Written by F. JUSTIN HALL
*Freestyling this first day in November...
At this moment, someone is going through something. Yes, at some level we all are going through something so let me be more specific.
At this moment someone is going through something alone. They have no friends or they are at that place where they might have friends, but their friends are at a distance.
That's their problem or that's their fault, some might argue. But is it? What happened to that individual to prevent them from letting people get too close to them?
Someone just found out that they tested positive, and I am not solely referring to one's HIV status, but that someone tested positive for something and are going at it alone.
Someone is in abusive relationship, and let us keep in mind that abuse is not limited to physical abuse, and that person, for whatever reason, is going at it alone.
I have my own problems, one might argue. There is a saying: If one person is not free then we are all not free.
I made it through and my problems are, by far, worse than that person's problems. Is it? Is there some ruler to gauge who has the worst life and/or whose childhood was bad? Each of us are individuals living our lives -- and that is the thing we are each living OUR LIVES -- and what I may be going through may not be as bad as the next person, but guess the fuck what? It's bad for me, as this is my reality.

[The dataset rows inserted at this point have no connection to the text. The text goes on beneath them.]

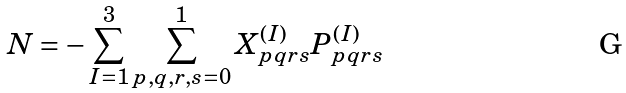Convert formula to latex. <formula><loc_0><loc_0><loc_500><loc_500>N = - \sum _ { I = 1 } ^ { 3 } \sum _ { p , q , r , s = 0 } ^ { 1 } X ^ { ( I ) } _ { p q r s } P _ { p q r s } ^ { ( I ) }</formula> 
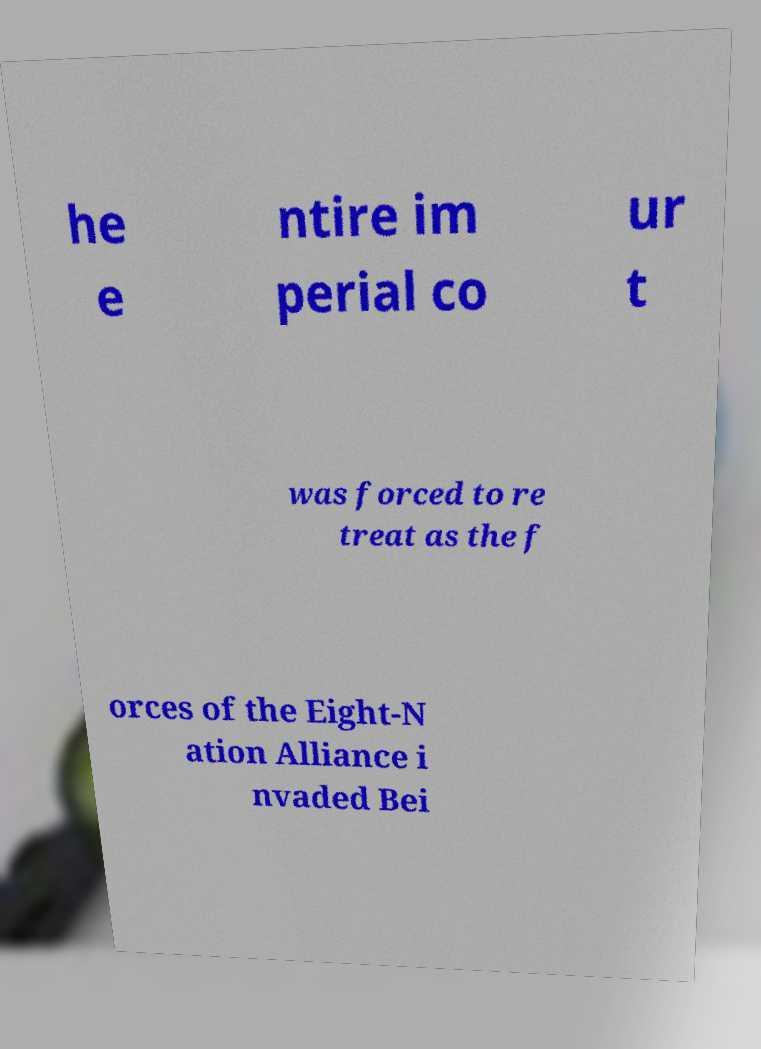What messages or text are displayed in this image? I need them in a readable, typed format. he e ntire im perial co ur t was forced to re treat as the f orces of the Eight-N ation Alliance i nvaded Bei 
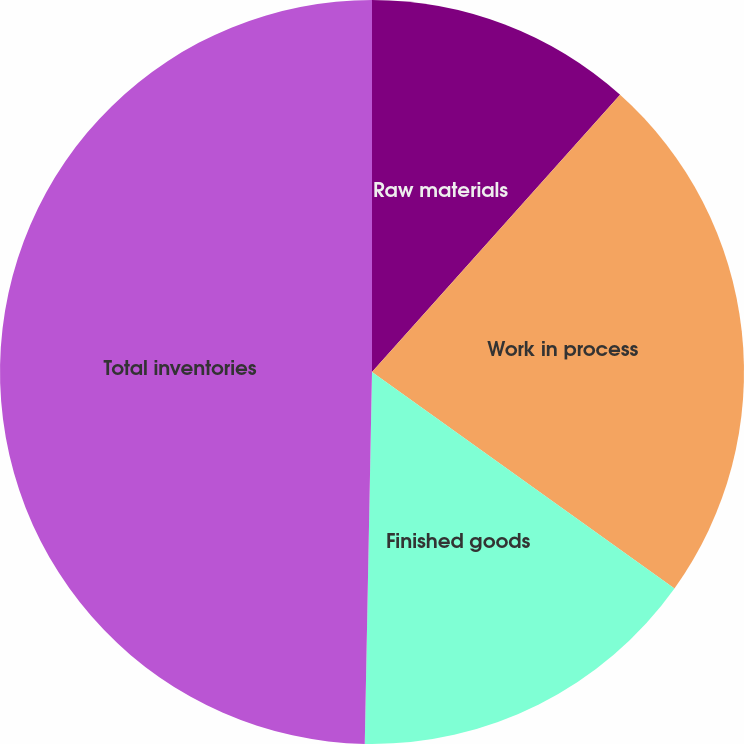Convert chart. <chart><loc_0><loc_0><loc_500><loc_500><pie_chart><fcel>Raw materials<fcel>Work in process<fcel>Finished goods<fcel>Total inventories<nl><fcel>11.62%<fcel>23.27%<fcel>15.42%<fcel>49.69%<nl></chart>

But, its temporary? Yeah, thats true as here I am. 2007 and I got through it, but there are those of us who feel imprisoned by their past, so to them it's far from temporary.
You look around your classroom; you look around the crowded subway, bus, el train; you look around at other people and you truly look at them and wonder what they are going through. Yeah, on the outside they may be all smiles, but their insides are all torn up.
Isn't it something that we are each unique and that there is no one like else, and you reach a point where you embrace your individuality, but also see that we are all so much alike.
I sit here imagining that somewhere someone is sitting in their apartment alone.
Some of us have the luxury of having friends call, but someone out there has no one and that is sad. Maybe not sad to that individual, but its sad to me.
We all need somebody. Granted there is a fine line between needing and wanting, but for the most part we need somebody. I remember in high school (doesn't it all go back to high school?...lol) where notes were passed between a fellow classmate and myself, and she stated that as long as you have one friend that is enough.
Ain't that the truth! To simply have one friend, one amigo, one ace boon coon, one homie (do they still say that?...lol), is a beautiful thing, but somewhere someone does not even have that.
I have been and am continued to be blessed to have and have had some amazing people I call friends in my life.
Who took me to my first club when I turned 21? Who did I tell when I tested positive for HIV? Who was there when a bullet pierced my cheek? Who was there to offer lodging when I came to visit them? Who accepts me as I am outside of family origin?...and thats just some of them (smile).
Although at this moment I am going through something alone I am blessed to have people in my life where it only takes a phone call, email, plane/bus/train ride, but as I write this I see the bigger picture that even though I am going at it alone those who love and care for me are in it as well, so I am never alone in the physical sense.
I also have God.
In this life I conduct science projects on myself, which puts me in situations so as to better understand someone along with myself and other things (smile). But for me its only temporary as I am well aware of my reality and that insight is truly enlightening.
Going at it alone is not my reality, but possibly to the guy sitting next to me on the J train it is his reality.
Here is that thing called choice (smile), but thats another freestyling moment...
Have a month that has you smiling and that brings you to a place of wholeness.